***** Records *****

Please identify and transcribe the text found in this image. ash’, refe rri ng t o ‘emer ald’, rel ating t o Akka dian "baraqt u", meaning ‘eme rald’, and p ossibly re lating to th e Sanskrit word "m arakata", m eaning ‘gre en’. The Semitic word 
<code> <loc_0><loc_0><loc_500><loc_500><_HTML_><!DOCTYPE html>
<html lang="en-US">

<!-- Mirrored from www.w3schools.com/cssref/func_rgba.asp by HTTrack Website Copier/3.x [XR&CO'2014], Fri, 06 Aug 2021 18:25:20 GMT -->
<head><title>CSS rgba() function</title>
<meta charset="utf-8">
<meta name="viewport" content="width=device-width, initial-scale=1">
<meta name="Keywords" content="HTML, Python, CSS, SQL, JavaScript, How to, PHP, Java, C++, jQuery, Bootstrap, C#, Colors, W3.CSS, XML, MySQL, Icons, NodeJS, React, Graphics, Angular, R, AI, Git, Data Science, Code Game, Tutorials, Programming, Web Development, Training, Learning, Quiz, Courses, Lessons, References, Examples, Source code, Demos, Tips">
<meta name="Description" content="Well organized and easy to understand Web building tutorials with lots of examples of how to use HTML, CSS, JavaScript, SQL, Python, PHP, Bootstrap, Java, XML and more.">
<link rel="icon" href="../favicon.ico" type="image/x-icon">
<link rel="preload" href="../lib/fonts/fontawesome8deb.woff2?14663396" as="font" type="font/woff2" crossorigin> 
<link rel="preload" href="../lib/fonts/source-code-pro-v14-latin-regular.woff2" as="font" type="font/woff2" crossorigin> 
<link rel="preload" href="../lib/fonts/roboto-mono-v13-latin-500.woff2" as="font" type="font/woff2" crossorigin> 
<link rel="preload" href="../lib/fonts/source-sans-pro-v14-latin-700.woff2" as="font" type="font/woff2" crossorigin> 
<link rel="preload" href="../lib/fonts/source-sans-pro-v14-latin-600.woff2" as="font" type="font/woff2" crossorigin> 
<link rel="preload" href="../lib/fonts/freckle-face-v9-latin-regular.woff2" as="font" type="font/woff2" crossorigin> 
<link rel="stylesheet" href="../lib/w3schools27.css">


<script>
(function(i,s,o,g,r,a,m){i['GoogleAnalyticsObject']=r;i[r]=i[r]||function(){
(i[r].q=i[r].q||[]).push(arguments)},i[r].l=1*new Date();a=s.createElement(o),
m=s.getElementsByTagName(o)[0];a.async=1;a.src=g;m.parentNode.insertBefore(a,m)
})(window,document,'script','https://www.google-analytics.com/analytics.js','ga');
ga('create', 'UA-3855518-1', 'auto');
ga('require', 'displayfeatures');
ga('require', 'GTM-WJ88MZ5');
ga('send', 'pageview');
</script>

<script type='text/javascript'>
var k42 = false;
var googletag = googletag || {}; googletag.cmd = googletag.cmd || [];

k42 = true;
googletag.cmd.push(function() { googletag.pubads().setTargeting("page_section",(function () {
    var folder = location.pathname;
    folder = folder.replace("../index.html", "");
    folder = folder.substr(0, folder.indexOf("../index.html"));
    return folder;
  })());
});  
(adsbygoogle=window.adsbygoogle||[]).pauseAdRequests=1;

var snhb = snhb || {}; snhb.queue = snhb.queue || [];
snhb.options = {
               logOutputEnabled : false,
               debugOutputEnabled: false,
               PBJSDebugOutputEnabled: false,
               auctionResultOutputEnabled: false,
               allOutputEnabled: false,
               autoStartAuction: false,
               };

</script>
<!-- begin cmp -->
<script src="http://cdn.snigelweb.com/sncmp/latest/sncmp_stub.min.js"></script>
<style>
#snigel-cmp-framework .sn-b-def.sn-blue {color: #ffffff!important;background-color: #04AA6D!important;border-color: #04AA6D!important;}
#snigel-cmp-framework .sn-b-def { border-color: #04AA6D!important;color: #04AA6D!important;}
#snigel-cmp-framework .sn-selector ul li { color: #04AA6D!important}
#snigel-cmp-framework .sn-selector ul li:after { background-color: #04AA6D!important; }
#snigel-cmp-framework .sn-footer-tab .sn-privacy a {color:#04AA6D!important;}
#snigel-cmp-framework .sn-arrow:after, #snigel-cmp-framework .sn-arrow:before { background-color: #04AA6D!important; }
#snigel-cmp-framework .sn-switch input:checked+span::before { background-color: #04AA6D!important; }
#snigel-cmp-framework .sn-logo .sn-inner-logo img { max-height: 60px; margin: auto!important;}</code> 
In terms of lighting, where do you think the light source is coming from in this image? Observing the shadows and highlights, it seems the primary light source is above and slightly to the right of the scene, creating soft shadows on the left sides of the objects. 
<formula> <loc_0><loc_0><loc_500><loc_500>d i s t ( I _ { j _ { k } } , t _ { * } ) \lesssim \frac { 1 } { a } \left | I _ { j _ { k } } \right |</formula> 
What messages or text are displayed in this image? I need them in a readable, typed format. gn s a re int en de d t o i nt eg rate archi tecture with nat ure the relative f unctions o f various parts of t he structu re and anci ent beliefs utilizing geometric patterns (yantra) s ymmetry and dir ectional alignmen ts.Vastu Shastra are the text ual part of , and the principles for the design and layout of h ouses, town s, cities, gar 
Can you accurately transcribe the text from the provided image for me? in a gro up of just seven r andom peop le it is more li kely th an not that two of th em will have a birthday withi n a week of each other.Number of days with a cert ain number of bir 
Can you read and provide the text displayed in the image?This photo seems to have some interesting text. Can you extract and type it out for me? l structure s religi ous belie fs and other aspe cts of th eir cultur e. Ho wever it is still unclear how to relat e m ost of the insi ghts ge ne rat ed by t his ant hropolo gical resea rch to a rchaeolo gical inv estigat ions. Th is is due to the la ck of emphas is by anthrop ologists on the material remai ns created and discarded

*****

§ What needs to be done
Select every line of the records holding the string "window".

§ Task result
})(window,document,'script','https://www.google-analytics.com/analytics.js','ga');
(adsbygoogle=window.adsbygoogle||[]).pauseAdRequests=1;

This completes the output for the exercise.